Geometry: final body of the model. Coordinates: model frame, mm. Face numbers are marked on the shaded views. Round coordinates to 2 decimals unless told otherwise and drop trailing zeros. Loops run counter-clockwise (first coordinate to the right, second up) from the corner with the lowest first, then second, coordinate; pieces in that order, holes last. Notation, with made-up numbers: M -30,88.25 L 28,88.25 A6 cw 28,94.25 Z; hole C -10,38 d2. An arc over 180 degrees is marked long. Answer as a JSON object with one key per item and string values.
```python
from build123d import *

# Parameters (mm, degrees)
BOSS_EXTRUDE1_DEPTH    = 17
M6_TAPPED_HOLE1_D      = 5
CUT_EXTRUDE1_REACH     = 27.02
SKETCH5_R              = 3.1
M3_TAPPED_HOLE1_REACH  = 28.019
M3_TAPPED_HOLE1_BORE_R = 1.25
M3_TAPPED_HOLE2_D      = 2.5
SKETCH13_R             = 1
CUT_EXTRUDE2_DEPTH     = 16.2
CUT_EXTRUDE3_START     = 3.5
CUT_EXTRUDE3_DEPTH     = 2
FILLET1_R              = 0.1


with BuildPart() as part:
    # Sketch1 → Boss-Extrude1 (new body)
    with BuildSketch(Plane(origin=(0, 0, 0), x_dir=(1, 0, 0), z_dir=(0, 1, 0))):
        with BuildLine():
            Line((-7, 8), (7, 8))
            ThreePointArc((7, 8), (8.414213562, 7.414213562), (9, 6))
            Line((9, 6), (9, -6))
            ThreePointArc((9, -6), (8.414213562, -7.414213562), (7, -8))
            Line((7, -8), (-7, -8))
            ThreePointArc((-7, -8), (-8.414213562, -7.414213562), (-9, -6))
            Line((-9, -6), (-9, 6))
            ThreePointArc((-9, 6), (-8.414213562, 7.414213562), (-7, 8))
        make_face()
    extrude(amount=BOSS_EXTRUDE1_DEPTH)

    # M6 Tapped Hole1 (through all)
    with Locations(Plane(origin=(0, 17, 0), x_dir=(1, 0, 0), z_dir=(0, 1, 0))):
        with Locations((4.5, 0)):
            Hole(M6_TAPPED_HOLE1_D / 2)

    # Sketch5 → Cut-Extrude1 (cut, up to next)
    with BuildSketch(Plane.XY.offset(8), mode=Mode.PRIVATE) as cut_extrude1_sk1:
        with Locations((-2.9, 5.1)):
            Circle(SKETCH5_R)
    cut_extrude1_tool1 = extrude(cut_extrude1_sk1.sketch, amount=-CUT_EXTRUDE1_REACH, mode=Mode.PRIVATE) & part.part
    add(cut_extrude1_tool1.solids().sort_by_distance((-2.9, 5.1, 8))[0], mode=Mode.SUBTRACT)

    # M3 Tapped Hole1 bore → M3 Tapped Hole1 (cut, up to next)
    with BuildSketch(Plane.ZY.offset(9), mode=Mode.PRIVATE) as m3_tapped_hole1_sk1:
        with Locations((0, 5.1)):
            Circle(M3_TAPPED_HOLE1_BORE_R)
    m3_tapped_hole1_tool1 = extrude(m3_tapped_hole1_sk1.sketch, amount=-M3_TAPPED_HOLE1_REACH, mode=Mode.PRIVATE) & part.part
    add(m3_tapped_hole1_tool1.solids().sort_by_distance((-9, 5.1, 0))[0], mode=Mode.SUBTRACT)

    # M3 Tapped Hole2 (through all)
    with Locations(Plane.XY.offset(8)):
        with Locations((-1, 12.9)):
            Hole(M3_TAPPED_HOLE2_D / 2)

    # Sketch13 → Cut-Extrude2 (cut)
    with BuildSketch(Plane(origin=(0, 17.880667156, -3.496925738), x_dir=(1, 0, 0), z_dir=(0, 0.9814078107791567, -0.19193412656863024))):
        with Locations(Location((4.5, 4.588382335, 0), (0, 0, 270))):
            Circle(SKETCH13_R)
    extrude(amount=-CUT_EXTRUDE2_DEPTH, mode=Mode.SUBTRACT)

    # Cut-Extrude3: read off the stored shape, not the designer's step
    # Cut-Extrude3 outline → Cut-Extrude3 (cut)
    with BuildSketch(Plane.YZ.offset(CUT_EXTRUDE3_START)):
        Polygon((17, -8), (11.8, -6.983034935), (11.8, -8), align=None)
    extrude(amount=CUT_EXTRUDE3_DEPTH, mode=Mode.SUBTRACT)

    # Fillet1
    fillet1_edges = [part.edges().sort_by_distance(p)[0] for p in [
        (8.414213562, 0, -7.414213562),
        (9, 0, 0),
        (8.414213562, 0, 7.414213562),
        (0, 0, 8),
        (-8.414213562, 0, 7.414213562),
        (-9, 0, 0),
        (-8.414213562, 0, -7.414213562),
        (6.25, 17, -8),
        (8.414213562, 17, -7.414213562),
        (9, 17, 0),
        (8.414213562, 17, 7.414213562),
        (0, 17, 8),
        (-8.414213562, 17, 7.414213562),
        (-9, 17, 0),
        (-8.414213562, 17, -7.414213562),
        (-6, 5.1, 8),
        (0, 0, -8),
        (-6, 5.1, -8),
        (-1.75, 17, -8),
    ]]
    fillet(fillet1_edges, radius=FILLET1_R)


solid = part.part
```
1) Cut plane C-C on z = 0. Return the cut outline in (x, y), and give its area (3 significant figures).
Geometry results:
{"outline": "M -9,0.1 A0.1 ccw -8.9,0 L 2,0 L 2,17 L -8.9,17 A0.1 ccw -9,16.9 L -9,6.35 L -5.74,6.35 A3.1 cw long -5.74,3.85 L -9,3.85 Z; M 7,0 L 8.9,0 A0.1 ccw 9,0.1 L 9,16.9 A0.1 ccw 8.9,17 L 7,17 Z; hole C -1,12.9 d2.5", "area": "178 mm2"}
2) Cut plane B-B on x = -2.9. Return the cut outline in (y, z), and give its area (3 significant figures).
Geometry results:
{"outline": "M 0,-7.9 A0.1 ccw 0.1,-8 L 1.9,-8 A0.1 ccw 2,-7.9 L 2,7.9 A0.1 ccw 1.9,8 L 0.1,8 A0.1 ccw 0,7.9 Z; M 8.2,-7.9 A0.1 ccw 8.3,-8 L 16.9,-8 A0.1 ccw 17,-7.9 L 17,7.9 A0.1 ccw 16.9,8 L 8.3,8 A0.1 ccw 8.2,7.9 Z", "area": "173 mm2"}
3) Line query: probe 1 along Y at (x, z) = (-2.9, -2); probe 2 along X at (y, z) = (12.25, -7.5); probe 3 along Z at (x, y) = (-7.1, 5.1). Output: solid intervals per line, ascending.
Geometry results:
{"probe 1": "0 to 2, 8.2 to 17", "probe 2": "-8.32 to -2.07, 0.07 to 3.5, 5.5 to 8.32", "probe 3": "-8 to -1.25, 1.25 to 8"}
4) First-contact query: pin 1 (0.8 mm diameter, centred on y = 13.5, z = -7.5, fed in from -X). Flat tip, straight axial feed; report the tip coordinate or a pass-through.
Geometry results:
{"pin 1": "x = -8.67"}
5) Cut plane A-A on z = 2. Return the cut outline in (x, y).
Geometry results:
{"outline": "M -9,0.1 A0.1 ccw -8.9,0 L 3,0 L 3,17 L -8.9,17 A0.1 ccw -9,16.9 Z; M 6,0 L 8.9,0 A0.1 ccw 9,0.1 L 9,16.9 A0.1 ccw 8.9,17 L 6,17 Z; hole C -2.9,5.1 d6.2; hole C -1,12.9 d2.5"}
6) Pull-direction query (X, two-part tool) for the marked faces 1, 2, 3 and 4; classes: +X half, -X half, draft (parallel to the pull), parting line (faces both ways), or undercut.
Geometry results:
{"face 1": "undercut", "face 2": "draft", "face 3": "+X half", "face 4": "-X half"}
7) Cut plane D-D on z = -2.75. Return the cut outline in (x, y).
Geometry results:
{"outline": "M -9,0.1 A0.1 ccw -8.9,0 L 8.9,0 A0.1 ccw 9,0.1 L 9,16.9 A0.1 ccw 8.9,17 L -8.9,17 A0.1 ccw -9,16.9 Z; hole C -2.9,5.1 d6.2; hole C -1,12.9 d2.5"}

◇ ◇ ◇ ◇ ◇

## WHAT YOU SHOULD DO:
Return every line of the preceding records in which the word "significant" appears.

## YOUR SOLUTION:
1) Cut plane C-C on z = 0. Return the cut outline in (x, y), and give its area (3 significant figures).
2) Cut plane B-B on x = -2.9. Return the cut outline in (y, z), and give its area (3 significant figures).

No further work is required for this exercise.